Coi Bono? Повесть о трагедии Гуш Катиф - Михаил Ландбург
Шрифт:
Интервал:
Закладка:
Полковник ощутил щемящее чувство горечи; ему вдруг показалось, что никогда прежде такой гнетущей тоски и усталости он не испытывал. Он поспешил сменить тему разговора.
– Как протекало следствие? – спросил он.
– Приятно! – сказал Виктор.
– Что?
– Приятно вспомнить…Следователь оказался человеком трогательно-ласковым; он то и дело называл меня то сладеньким, то родненьким, то как-то ещё в этом роде и, кроме того, он страстно интересовался моим мнением по самому широкому спектру вопросов.
– А суд? Как прошёл суд?
– О, суд!.. Это было великолепное зрелище с удивительно забавными участниками. Особенно удачно потешил всех своей заключительной речью господин судья, который выразил своё глубокое сожаление, заметив, что предварительное следствие и суд потратили на меня слишком много времени, а в конце он пришёл к выводу, что меня следует гнать из зала суда в шею и немедленно. Я же, выслушав оскорбительный по своей форме вердикт, не стал выражать какого-либо неудовольствия, а, наоборот, принял его вполне мужественно.
– Выходит, ты теперь у Анны?
– Мы расстались. То есть, я понял, что к ней у меня чувств больше не осталось.
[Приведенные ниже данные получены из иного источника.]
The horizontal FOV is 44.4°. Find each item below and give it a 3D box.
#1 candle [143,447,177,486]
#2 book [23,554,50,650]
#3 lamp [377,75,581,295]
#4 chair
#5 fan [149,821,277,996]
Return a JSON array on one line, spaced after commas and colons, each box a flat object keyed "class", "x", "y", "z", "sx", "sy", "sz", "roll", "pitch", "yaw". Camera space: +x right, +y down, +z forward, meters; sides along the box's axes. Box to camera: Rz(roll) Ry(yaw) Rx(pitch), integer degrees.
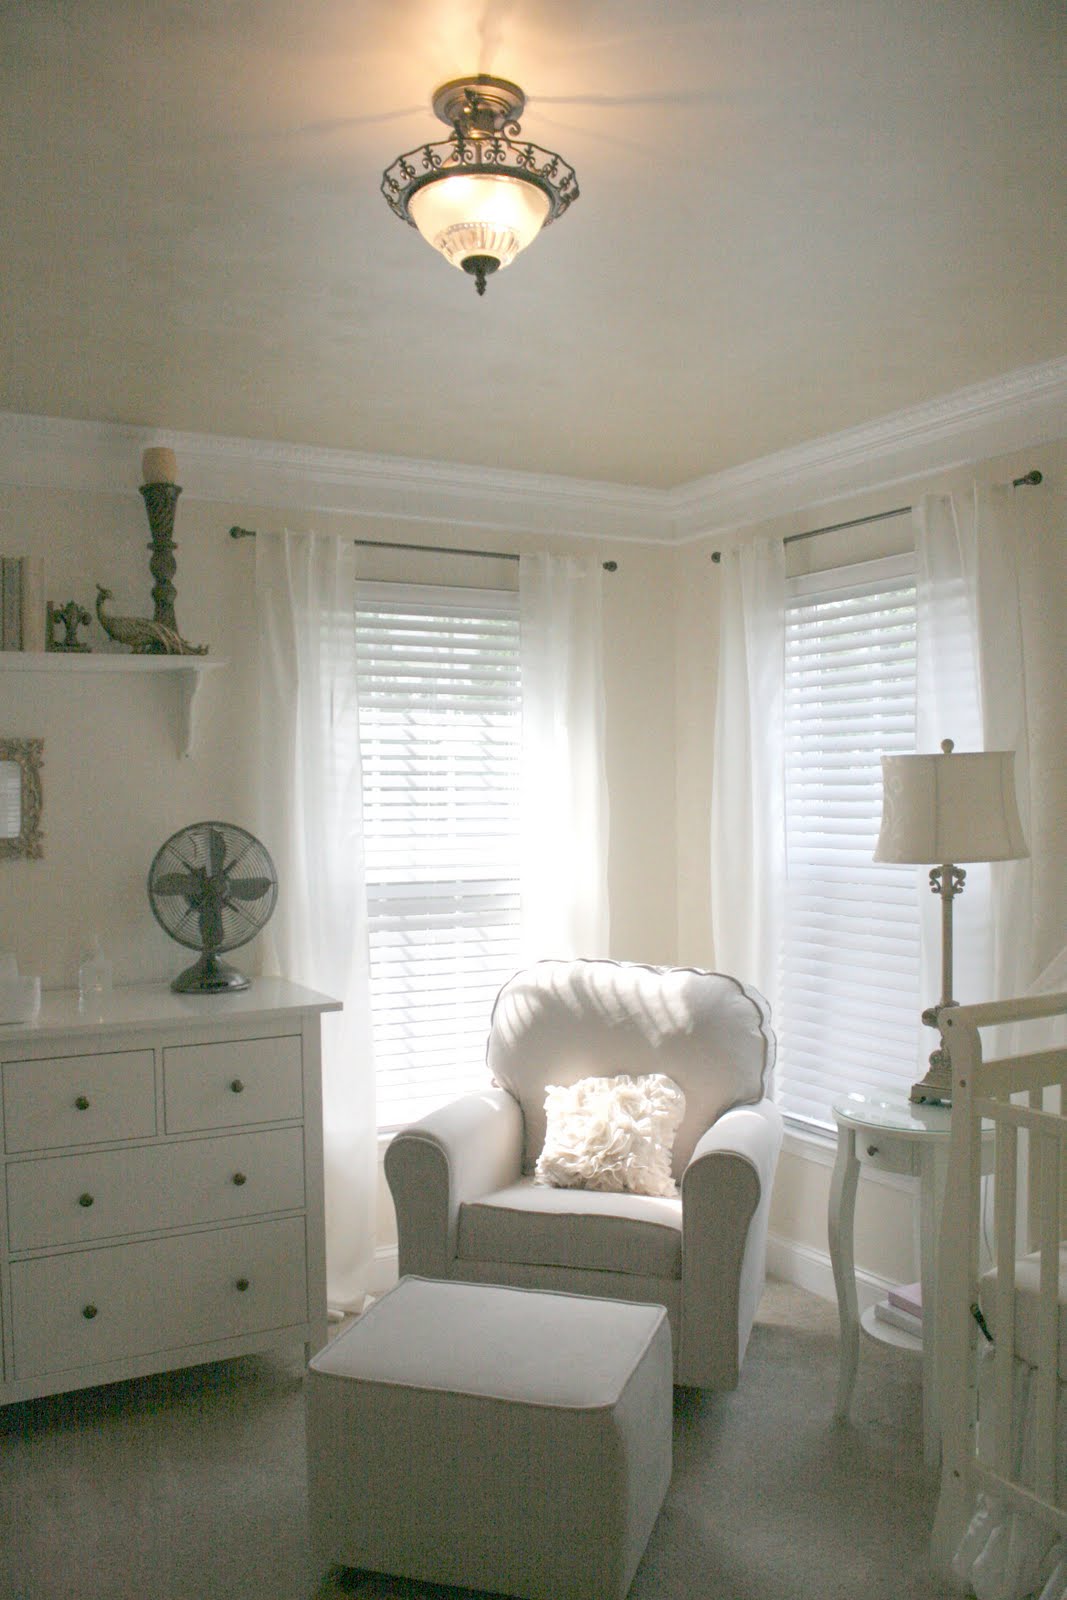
[{"class": "candle", "x": -0.875, "y": -0.778, "z": 3.076, "sx": 0.075, "sy": 0.099, "sz": 0.090, "roll": 0, "pitch": -2, "yaw": -3}, {"class": "book", "x": -1.111, "y": -0.435, "z": 2.950, "sx": 0.041, "sy": 0.200, "sz": 0.165, "roll": 1, "pitch": 4, "yaw": -6}, {"class": "lamp", "x": -0.071, "y": -0.791, "z": 1.772, "sx": 0.219, "sy": 0.241, "sz": 0.234, "roll": 0, "pitch": -6, "yaw": -2}, {"class": "chair", "x": 0.167, "y": 0.750, "z": 3.100, "sx": 0.958, "sy": 1.088, "sz": 0.810, "roll": 0, "pitch": -3, "yaw": 20}, {"class": "fan", "x": -0.797, "y": 0.260, "z": 3.176, "sx": 0.329, "sy": 0.508, "sz": 0.207, "roll": 2, "pitch": -5, "yaw": -21}]
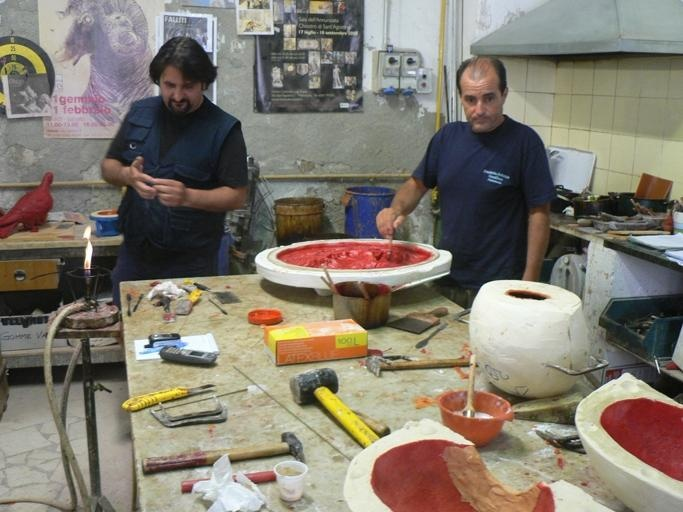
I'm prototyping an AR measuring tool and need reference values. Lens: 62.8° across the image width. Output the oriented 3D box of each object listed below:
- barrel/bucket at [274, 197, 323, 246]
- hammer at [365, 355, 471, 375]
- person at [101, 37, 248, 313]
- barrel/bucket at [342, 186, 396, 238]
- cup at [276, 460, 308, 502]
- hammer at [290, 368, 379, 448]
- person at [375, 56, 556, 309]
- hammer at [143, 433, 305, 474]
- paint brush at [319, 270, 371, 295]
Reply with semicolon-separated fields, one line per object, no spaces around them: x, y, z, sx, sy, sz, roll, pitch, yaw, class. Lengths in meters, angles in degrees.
-0.380;-0.320;5.090;0.481;0.398;0.436;-2;8;-13;barrel/bucket
0.291;0.403;2.084;0.240;0.031;0.129;-1;-2;-4;hammer
-0.994;-0.434;3.347;0.621;1.623;0.739;-11;20;-41;person
0.227;-0.452;5.261;0.558;0.462;0.476;0;18;1;barrel/bucket
-0.137;0.599;1.493;0.093;0.062;0.091;-1;6;0;cup
-0.031;0.473;1.782;0.118;0.104;0.454;-15;26;-24;hammer
0.751;-0.392;3.162;0.847;1.376;0.349;10;17;27;person
-0.350;0.528;1.599;0.409;0.043;0.148;-1;13;-14;hammer
0.014;0.113;2.447;0.186;0.157;0.101;0;27;9;paint brush
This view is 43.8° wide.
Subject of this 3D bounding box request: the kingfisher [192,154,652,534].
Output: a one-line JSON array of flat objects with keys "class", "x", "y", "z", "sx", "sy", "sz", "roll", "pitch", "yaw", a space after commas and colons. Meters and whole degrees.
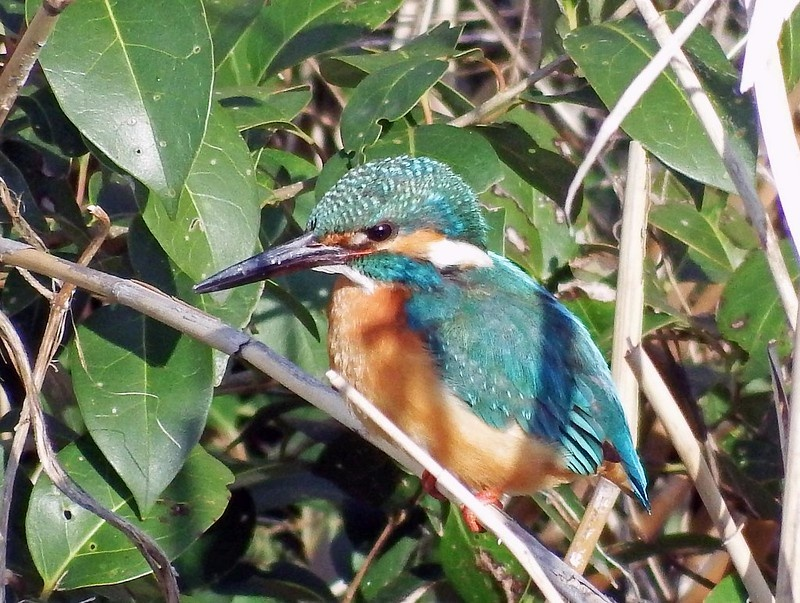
[{"class": "kingfisher", "x": 0.143, "y": 0.083, "z": 2.544, "sx": 1.100, "sy": 0.675, "sz": 0.541, "roll": 17, "pitch": 41, "yaw": 13}]

Кроме жалости…
– Разве жалость не чувство?
– Разумеется, чувство, но только если оно касается Отечества…
Полковник помолчал. Потом спросил:
– Пребываешь в одиночестве?
Виктор возразил:
– Никак нет, полковник! У меня есть и ты, и твой колхоз!.. К тому же мы с тобой завтра увидимся…
– Не приезжай…
– Не хочешь меня видеть?
– Не говори глупостей! Просто, я думаю, что всё Это – временно, что Это какое-то недоразумение и бессмыслица…
– Недоразумение?
– И бессмыслица!
– Выходит, ты не веришь в решение правительства лишить вас сути жизни?
– Это недоразумение… И потом, что значит «суть жизни»? Кто мне скажет, в чём она?
– Я!
– Ну, да, кто же ещё, если не ты?..
– А ведь так просто, – заметил Виктор. – Суть жизни в том, что делаем мы, и в том, что делают с нами…
– Вот как?
– Только так!
– Что же собираешься делать ты?
– Я буду не один… Полстраны…
– Полстраны?
– Возможно, что и две трети…
Полковник немного помолчал.
– Конечно: безумие заразительно… – сказал он.
– Ты считаешь, что попытки людей сопротивляться тому, что их, словно баранов, собираются перегонять с одного пастбища на другое – это безумие? «Так, возможно, НАДО…», – ответишь ты. Что ж, допустим, что сегодня Это действительно так надо…Допустим…Только признайся, что ты ощущаешь необходимость спросить у себя: «Кому Это надо? Зачем Это надо? Cui bono?»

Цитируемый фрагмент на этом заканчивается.